= JWalk =

JWalk is a unit testing toolkit for the Java programming language. Created by Anthony Simons, JWalk supports a testing paradigm called Lazy Systematic Unit Testing. This is based on the two notions of lazy specification, the ability to infer the evolving specification of a class on the fly by dynamic analysis, and systematic testing, the ability to explore and test the class's state space exhaustively to bounded depths.

==Using JWalk==

JWalk is used to test single, compiled classes in the Java programming language (so far, the only supported language). It can be directed to explore all method protocols systematically, printing a lengthy test report, or to perform automated testing according to a state-based model of the class under test. The specification is constructed interactively, as the programmer confirms or rejects test outcomes, and adapts itself quickly to changes in the evolving code.

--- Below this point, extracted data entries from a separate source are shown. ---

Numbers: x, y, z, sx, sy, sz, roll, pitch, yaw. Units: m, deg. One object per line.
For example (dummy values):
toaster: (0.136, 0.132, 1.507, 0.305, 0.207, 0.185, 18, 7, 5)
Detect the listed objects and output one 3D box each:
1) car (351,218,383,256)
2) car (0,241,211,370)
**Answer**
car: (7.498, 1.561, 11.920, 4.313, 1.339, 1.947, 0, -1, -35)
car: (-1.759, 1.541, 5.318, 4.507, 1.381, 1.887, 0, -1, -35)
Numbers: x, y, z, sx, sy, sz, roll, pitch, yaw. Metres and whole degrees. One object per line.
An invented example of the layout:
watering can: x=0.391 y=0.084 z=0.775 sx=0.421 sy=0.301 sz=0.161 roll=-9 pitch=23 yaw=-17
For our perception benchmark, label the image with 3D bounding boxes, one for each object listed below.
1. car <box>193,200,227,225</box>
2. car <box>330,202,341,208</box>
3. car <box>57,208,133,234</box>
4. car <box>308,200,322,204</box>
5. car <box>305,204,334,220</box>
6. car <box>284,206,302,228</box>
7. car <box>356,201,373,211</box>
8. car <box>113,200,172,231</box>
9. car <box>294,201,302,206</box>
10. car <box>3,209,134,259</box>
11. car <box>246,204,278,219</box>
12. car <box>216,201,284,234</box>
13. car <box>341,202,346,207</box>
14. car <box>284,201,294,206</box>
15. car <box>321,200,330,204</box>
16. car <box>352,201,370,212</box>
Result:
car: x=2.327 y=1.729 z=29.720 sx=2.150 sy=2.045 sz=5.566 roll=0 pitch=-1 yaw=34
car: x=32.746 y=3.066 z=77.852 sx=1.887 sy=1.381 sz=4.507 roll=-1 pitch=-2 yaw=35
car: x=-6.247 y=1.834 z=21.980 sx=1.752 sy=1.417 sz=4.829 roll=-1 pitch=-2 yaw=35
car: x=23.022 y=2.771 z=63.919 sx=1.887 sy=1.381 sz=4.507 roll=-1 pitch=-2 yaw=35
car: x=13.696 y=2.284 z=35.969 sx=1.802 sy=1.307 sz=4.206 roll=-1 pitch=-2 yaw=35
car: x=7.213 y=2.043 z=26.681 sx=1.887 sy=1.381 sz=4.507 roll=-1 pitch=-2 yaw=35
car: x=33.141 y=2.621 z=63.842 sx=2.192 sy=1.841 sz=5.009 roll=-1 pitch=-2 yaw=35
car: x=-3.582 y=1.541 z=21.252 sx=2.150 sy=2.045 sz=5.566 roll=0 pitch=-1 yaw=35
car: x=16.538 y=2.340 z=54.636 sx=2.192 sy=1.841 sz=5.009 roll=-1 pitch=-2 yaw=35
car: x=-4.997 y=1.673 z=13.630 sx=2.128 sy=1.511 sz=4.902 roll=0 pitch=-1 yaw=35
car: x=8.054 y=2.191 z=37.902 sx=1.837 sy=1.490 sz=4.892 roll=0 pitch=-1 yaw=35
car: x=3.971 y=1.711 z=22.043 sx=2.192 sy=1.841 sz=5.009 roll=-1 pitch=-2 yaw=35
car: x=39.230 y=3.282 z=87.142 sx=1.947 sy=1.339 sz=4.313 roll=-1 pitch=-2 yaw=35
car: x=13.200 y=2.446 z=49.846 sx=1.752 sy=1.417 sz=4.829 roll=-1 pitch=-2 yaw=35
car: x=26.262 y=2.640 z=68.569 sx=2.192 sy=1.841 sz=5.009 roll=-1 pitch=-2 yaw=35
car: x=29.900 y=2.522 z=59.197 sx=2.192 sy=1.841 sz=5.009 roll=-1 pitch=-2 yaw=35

JWalk is therefore well-suited to test-driven development, as used in the Extreme Programming approach to software development.

==Comparisons==

JWalk is efficient in helping a programmer to generate unit tests that adequately cover the test class's state space. Using JWalk compares favourably against expert manual testing (using JUnit). This is because the tool explores the test class systematically, suggesting test-cases that a programmer usually forgets, and focuses the programmer's attention on the subset of unique test cases that require manual confirmation.